When I came out to my coworkers, friends and family, I told them they would make mistakes. I knew then, that gender is the first thing we recognize about someone else. Even before hands shake and names are exchanged, we make an assumption about another person’s gender. When a child is born, or during an ultrasound, the first thing parents are told is that their baby is a boy or a girl. Knowing that gender is so deeply a part of what we think we know about others, I knew it would take time for those around me to change the way they see me — to change the filter through which they view me and the things I do and say.

So when a friend recently used a male pronoun and said, “Thank you, sir,” as I turned to leave, I didn’t flinch or change my stride, and I didn’t correct them. Before I came out, I made a promise myself. I promised I wouldn’t correct family, friends and coworkers when they misgendered me. I didn’t want them to feel as if they had to walk on eggshells around me or worry about making a mistake. I wanted to have normal interactions with people, unencumbered by fear or discomfort.

As I continued to walk away, I thought, “I’m presenting so feminine lately, and they still see me as male. When is it going to kick in for other people? Will it kick in?” It happens so often, and I quickly brush away the frustration and hurt feelings by reminding myself, “Their mistake means nothing about who I am inside.” But for the first time, just a minute later, I asked myself why it bothered me so much. I didn’t have an answer. I was aware enough to know that I was bothered, but not aware enough to know why. And because I couldn’t answer the question of why, I wasn’t sure if I even had the right to be bothered.

As I got into my car to drive away, I assumed I would come up with the answer before I got home, but I didn’t. I thought I may just need to talk it out with a friend. When one called a couple hours later, I did. I explained what had happened and my thoughts about it, but I still couldn’t figure out why it bothered me. I thought I would surely figure it out if I wrote about it.

Maybe it’s because it’s become a big pile of little annoyances, or because I’m still insecure in my femininity. Maybe every woman is, but since most have high voices they don’t get misgendered. Maybe they experience their insecurities in ways I haven’t yet.

My friend Mary and I had dinner Saturday. Mary is one of the best sounding boards I have. I can always count on her to tell me things I don’t typically think of. I told her I was thinking about blogging this, but I was afraid that if people I am around all the time read it, they would feel badly or guilty about misgendering me. She said, “Yes, they will — but that doesn’t mean you shouldn’t write about it.” I was puzzled. I didn’t want to hurt anyone’s feelings.

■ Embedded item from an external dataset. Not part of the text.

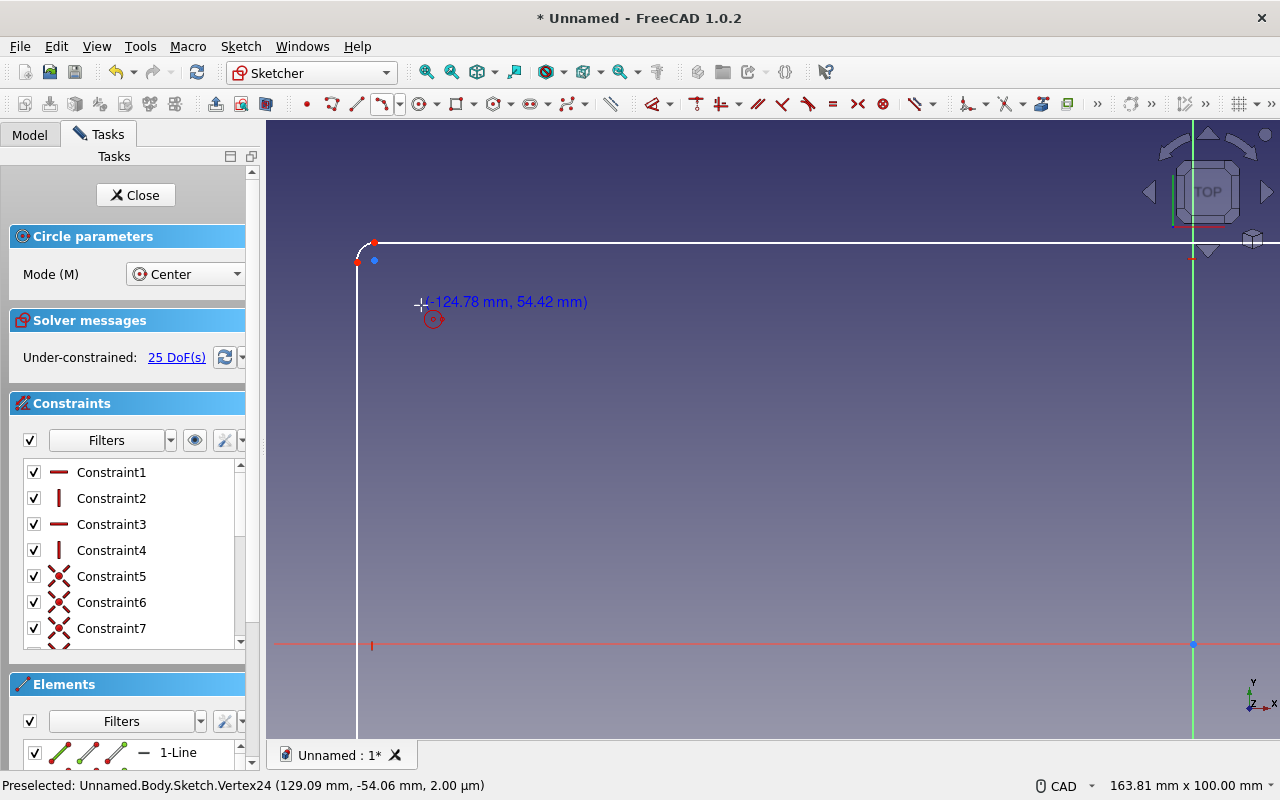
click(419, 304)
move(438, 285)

I can’t remember Mary’s exact logic or words back to me, but for some reason she didn’t feel that hurting people’s feelings was necessarily a good enough reason not to write about it. I still don’t have an answer to my question. Maybe it’s the death from a thousand paper cuts, or that it will take time to be secure enough in my femininity that being misgendered won’t bother me. Maybe that last one never happens, or it’s something else I haven’t discovered. Whichever it is, it’s part of my experience and that’s what this blog is about — what it’s like to be in my high-heeled boots.

7 thoughts on “Why does is bother me so?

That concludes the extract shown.